Help Center/ Cloud Container Engine/ User Guide (Kuala Lumpur Region)/ FAQs/ Cluster/ Cluster Running/ How Do I Locate the Fault When a Cluster Is Unavailable?
Updated on 2024-10-14 GMT+08:00

How Do I Locate the Fault When a Cluster Is Unavailable?

If a cluster is Unavailable, perform the following operations to locate the fault.

Troubleshooting Process

The issues here are described in order of how likely they are to occur.

Check these causes one by one until you find the cause of the fault.

If the fault persists, contact the customer service to help you locate the fault.

Figure 1 Fault locating

Check Item 1: Whether the Security Group Is Modified

  1. Log in to the management console, and choose Service List > Networking > Virtual Private Cloud. In the navigation pane on the left, choose Access Control > Security Groups to find the security group of the master node in the cluster.

    The name of this security group is in the format of Cluster name-cce-control-ID.

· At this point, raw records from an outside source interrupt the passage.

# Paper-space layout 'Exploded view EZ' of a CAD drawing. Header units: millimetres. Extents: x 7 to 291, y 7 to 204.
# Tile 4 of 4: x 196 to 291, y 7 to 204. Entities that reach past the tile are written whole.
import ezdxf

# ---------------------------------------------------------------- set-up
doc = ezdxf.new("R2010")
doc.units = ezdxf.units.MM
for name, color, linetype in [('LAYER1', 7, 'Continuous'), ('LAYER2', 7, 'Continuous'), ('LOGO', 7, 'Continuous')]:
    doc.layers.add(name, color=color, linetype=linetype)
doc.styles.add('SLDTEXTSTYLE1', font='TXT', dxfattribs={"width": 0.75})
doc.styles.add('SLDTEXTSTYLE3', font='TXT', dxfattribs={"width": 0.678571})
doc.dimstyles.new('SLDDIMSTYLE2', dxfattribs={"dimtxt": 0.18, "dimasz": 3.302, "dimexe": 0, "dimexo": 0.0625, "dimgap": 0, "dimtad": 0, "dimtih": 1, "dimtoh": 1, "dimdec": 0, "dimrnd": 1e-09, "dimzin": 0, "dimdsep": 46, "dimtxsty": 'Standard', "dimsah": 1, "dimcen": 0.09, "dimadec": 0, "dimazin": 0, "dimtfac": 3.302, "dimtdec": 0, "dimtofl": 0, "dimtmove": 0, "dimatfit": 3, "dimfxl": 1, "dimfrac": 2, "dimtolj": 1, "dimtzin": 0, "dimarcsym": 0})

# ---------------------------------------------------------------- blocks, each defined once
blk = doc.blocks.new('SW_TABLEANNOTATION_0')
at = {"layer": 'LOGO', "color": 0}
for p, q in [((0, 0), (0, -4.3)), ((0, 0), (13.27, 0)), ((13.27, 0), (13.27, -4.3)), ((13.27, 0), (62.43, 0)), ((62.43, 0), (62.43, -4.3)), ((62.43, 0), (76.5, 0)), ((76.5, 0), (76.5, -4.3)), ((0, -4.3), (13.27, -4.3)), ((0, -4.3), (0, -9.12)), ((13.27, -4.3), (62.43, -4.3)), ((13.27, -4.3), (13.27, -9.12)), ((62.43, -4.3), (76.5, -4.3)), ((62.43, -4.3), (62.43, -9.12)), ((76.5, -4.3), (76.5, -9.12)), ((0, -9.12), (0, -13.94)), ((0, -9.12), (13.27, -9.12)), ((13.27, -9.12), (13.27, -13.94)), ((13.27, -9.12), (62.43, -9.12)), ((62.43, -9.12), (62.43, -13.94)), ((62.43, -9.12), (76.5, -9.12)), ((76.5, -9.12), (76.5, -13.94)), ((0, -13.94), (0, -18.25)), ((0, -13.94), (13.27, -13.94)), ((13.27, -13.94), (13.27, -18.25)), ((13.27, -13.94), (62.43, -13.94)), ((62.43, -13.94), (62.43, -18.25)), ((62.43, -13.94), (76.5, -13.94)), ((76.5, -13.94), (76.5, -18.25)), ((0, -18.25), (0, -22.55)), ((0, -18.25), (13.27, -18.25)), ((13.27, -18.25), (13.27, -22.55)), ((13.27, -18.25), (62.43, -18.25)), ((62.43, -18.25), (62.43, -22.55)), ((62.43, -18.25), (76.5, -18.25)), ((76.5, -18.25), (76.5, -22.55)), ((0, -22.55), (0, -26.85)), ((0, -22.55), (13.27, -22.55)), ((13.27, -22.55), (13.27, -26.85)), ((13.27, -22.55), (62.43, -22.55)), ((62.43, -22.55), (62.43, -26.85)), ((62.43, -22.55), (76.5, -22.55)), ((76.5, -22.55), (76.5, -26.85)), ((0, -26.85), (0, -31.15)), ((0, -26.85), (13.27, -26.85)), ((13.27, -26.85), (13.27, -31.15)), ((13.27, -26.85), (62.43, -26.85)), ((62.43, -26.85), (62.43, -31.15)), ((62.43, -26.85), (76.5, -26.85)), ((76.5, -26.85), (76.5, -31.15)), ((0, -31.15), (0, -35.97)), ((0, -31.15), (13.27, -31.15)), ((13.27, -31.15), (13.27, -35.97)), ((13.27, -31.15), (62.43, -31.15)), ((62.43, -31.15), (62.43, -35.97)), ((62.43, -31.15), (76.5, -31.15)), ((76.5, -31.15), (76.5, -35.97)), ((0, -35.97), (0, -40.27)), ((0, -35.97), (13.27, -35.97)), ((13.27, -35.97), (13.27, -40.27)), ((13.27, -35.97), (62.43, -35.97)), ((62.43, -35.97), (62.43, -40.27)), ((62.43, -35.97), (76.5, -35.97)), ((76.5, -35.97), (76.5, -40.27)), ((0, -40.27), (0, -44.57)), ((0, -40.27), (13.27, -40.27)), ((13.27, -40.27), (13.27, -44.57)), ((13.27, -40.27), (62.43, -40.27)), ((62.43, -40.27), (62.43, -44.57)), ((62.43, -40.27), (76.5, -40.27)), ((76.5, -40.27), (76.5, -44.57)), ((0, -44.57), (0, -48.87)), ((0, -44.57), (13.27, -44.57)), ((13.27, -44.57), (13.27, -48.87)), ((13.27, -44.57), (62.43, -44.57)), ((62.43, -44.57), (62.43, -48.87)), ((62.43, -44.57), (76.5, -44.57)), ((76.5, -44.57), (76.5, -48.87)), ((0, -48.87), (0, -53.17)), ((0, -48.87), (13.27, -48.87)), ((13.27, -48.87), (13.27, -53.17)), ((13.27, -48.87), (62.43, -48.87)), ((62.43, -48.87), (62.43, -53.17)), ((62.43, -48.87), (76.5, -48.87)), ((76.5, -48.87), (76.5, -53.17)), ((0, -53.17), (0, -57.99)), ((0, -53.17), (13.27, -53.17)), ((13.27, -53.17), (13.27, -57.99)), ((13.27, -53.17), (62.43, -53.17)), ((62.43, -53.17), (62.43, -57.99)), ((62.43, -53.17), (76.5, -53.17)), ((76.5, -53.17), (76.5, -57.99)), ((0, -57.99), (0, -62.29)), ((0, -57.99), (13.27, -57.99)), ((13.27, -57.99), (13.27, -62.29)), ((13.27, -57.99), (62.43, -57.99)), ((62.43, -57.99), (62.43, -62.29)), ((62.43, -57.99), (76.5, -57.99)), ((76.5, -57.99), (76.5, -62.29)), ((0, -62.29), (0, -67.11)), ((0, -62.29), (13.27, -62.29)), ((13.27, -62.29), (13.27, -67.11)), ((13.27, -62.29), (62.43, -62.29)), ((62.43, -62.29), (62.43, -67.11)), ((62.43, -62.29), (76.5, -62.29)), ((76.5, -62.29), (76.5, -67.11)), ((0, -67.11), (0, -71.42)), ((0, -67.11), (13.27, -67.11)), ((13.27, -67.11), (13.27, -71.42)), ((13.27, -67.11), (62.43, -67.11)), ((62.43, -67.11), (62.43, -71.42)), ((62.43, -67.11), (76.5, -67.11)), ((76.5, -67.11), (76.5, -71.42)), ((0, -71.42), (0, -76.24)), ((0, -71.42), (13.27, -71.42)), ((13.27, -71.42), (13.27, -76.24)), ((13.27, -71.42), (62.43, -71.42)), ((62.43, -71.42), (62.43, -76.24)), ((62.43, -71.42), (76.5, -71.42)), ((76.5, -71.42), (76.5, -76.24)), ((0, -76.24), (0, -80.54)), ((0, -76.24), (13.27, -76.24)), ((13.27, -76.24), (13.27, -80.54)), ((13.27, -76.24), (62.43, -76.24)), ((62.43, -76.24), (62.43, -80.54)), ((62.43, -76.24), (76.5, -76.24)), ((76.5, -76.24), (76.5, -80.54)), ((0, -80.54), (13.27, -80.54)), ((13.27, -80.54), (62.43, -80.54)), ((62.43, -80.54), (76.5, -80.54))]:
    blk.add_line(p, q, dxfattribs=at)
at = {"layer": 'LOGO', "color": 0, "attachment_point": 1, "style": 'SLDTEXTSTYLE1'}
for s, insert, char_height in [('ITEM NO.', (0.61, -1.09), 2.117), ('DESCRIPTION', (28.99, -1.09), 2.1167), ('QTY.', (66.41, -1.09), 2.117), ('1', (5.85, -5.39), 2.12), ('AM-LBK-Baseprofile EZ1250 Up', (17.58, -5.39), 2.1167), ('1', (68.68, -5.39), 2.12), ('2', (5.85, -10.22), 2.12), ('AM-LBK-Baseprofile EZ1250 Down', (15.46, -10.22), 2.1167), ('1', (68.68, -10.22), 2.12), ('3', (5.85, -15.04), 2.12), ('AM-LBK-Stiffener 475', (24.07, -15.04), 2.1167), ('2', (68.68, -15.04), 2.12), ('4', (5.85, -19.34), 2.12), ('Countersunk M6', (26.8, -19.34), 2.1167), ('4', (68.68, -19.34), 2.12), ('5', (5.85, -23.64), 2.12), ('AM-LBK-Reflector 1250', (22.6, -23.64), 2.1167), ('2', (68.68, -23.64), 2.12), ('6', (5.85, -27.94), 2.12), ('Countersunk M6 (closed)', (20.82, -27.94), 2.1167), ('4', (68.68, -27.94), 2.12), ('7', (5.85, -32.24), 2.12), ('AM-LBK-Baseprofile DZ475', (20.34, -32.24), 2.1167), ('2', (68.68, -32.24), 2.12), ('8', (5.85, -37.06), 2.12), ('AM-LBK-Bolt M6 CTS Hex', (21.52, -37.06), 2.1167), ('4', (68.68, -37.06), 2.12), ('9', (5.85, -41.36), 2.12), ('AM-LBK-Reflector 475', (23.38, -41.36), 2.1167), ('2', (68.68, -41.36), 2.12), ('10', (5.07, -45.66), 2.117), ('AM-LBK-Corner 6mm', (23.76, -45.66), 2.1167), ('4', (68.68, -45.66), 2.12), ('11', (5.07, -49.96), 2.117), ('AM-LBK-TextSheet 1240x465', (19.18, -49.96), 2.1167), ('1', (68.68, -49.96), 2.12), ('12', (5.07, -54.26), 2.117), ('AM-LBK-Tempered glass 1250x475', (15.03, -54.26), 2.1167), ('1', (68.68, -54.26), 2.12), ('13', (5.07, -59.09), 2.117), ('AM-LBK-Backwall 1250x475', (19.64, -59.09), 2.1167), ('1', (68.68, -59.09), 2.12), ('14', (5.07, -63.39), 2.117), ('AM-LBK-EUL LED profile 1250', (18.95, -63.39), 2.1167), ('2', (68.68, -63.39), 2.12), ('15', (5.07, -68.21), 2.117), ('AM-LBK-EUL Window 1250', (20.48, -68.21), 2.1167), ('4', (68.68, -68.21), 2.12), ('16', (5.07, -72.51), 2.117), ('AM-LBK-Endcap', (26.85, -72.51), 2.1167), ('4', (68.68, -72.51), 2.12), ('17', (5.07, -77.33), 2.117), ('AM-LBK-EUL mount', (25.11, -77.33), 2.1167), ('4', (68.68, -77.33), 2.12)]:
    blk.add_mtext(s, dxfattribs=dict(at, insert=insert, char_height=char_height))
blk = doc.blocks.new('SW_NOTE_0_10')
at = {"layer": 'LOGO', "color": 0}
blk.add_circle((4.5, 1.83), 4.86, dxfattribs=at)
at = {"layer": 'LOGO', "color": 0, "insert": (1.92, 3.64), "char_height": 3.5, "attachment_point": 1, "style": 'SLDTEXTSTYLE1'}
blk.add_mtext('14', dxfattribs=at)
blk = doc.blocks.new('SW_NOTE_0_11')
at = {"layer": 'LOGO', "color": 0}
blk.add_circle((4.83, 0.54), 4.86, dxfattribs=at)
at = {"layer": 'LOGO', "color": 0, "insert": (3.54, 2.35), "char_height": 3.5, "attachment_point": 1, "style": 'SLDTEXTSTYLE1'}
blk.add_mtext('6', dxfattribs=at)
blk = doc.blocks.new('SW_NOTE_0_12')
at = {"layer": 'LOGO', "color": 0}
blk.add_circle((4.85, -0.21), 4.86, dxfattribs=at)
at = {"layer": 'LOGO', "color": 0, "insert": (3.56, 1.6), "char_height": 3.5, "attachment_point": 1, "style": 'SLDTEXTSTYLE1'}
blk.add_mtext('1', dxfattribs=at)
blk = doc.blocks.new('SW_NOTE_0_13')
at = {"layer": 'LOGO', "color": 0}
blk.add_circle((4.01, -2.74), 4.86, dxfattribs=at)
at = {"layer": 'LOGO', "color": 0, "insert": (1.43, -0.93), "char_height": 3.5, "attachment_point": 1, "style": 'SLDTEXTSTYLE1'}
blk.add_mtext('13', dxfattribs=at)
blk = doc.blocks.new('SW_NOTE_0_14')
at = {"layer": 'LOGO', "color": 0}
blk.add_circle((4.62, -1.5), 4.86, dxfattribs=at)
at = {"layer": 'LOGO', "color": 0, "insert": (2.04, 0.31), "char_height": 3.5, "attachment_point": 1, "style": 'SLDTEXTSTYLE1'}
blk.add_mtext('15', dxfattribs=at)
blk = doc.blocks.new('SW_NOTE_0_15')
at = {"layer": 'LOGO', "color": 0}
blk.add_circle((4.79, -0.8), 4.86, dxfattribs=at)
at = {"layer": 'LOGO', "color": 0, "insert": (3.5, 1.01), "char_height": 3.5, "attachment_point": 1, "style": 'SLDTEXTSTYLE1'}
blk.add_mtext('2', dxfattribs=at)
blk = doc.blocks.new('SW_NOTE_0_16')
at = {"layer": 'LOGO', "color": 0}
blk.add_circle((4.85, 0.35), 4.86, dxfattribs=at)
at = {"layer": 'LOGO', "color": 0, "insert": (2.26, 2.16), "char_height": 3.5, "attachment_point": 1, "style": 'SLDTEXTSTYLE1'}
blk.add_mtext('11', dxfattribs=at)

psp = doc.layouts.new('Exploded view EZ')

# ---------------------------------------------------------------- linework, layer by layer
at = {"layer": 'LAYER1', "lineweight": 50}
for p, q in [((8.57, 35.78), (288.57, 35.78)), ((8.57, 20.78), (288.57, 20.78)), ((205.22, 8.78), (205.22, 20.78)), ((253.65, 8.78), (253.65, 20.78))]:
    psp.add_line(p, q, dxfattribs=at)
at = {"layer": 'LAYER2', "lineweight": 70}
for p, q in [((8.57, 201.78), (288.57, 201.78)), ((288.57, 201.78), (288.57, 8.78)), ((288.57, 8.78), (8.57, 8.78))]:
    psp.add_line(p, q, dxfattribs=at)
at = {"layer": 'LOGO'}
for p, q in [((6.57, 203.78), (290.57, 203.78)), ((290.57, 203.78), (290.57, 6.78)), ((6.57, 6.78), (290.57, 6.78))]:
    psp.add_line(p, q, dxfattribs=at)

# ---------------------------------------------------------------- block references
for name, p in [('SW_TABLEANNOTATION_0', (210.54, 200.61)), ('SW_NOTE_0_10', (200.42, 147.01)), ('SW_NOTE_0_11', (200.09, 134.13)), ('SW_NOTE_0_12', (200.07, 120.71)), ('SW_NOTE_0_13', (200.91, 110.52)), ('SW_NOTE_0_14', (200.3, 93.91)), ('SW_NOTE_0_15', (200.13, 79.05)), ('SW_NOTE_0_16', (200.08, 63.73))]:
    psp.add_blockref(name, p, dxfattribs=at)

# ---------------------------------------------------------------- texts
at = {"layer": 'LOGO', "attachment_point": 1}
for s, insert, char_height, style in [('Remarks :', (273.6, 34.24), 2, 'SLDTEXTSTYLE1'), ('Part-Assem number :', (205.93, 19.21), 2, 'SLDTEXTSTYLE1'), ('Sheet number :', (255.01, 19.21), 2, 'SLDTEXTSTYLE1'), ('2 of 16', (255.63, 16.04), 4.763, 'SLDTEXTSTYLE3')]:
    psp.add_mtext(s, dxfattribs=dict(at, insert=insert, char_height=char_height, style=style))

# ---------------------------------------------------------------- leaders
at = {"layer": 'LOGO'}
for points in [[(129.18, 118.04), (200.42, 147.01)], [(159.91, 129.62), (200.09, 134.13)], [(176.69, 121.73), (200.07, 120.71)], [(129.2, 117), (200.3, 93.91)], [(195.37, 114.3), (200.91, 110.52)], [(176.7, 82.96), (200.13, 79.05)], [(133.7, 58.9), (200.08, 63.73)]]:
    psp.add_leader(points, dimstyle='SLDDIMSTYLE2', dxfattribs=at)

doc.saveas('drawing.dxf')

  2. Click the security group. On the details page displayed, ensure that the security group rules of the master node are correct.

    For details, see How Can I Configure a Security Group Rule in a Cluster?

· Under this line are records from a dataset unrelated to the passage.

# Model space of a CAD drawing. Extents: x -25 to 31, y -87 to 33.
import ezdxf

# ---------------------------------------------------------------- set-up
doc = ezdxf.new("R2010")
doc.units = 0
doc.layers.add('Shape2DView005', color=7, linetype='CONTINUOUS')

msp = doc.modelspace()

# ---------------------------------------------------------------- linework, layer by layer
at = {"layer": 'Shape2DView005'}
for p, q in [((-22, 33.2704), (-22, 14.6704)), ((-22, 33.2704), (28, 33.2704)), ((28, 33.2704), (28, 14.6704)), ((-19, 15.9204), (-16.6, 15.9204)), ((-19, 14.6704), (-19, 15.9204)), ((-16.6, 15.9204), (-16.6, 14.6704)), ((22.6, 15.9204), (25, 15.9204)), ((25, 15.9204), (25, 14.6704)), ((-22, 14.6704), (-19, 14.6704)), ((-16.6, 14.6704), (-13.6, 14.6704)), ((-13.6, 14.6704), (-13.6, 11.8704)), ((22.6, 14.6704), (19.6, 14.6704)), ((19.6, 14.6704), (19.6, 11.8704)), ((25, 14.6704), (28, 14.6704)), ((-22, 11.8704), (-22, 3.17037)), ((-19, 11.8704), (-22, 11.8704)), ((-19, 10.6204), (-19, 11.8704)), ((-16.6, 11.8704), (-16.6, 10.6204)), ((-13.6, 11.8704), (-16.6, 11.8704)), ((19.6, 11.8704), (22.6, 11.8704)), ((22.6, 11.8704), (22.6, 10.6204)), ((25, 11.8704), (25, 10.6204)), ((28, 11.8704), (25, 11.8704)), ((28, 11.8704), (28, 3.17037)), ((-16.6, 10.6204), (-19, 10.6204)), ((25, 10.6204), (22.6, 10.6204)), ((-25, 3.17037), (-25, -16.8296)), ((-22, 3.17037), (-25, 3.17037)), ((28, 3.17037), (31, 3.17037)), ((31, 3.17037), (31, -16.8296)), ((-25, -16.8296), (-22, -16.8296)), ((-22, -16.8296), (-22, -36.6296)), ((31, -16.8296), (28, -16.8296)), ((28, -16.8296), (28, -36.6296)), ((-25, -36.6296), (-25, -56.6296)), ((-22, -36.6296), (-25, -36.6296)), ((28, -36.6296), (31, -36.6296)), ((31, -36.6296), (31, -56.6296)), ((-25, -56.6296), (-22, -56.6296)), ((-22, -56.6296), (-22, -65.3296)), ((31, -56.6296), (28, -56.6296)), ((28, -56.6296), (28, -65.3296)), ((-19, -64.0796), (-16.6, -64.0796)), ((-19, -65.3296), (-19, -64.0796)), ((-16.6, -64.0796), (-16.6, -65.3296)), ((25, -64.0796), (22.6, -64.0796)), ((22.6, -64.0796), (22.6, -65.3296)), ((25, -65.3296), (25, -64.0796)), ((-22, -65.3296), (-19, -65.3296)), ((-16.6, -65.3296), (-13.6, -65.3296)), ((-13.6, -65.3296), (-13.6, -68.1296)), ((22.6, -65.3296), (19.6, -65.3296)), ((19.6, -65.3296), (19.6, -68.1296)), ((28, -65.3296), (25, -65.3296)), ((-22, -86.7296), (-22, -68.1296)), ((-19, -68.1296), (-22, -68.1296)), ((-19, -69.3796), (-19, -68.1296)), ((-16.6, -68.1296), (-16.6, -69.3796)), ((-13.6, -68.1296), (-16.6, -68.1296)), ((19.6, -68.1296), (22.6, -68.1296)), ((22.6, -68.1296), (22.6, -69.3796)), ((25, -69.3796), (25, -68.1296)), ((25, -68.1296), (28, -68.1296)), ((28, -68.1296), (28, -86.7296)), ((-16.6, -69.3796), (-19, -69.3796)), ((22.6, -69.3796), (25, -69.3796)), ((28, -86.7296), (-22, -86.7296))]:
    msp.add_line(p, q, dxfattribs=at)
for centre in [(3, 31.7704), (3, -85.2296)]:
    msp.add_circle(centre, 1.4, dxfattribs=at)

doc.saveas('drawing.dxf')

Check Item 2: Whether There Are Residual Listeners and Backend Server Groups on the Load Balancer

Reproducing the Problem

A cluster exception occurs when a LoadBalancer Service is being created or deleted. After the fault is rectified, the Service is deleted successfully, but there are residual listeners and backend server group.

  1. Pre-create a CCE cluster. In the cluster, use the official Nginx image to create workloads, preset load balancers, Services, and ingresses.
  2. Ensure that the cluster is running properly and the Nginx workload is stable.
  3. Create and delete 10 LoadBalancer Services every 20 seconds.
  4. An injection exception occurs in the cluster. For example, the etcd pod is unavailable or the cluster is hibernated.

Possible Causes

There are residual listeners and backend server groups on the load balancer.

Solution

Manually clear residual listeners and backend server groups.

  1. Log in to the management console and choose Network > Elastic Load Balance from the service list.
  2. In the load balancer list, click the name of the target load balancer to go to the details page. On the Listeners tab page, locate the target listener and delete it.
  3. On the Backend Server Groups tab page, locate the target backend server group and delete it.